M. J. Wall has an interesting post entitled How I Use Emacs. Wall’s workflow is a bit unusual—by which I mean different from mine—in that he spends a lot of time in the terminal even though he’s running GUI desktops in Linux and OS X. Sometimes he just wants to edit a file and then return to the terminal. Other times he wants to pop up an Emacs buffer and return to the terminal immediately.

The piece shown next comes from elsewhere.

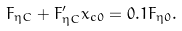Convert formula to latex. <formula><loc_0><loc_0><loc_500><loc_500>F _ { \eta C } + F ^ { \prime } _ { \eta C } x _ { c 0 } = 0 . 1 F _ { \eta 0 } .</formula>

To facilitate that workflow, he has two scripts. One starts Emacs in the terminal window and waits for Emacs to finish before returning to the shell. The other pops up a new Emacs frame and returns to the terminal immediately. An interesting trick that both these scripts use is to call emacsclient
with the -a “”
option. That says that if the Emacs server is not already running, start it and then reattach emacsclient
to it.
As I mentioned, my workflow is different. I always have Emacs running and have a shortcut key to change focus to it so if I’m in a terminal and need Emacs I just press【F6】 to pop into Emacs and do what needs doing. Nonetheless, there is one case where Wall’s technique is useful to me. Usually if I want to edit a file on another machine, I just use tramp
but if I’m ssh
ed into that machine already it’s convenient to just bring up emacsclient
on the remote machine. Wall’s et
script is perfect for that. Even if the remote machine doesn’t have a copy of the et
script installed, it’s simple to call emacsclient
directly
emacsclient -a "" -t file-to-edit
If you use Emacs and ever ssh
into remote machines, this is a technique worth knowing.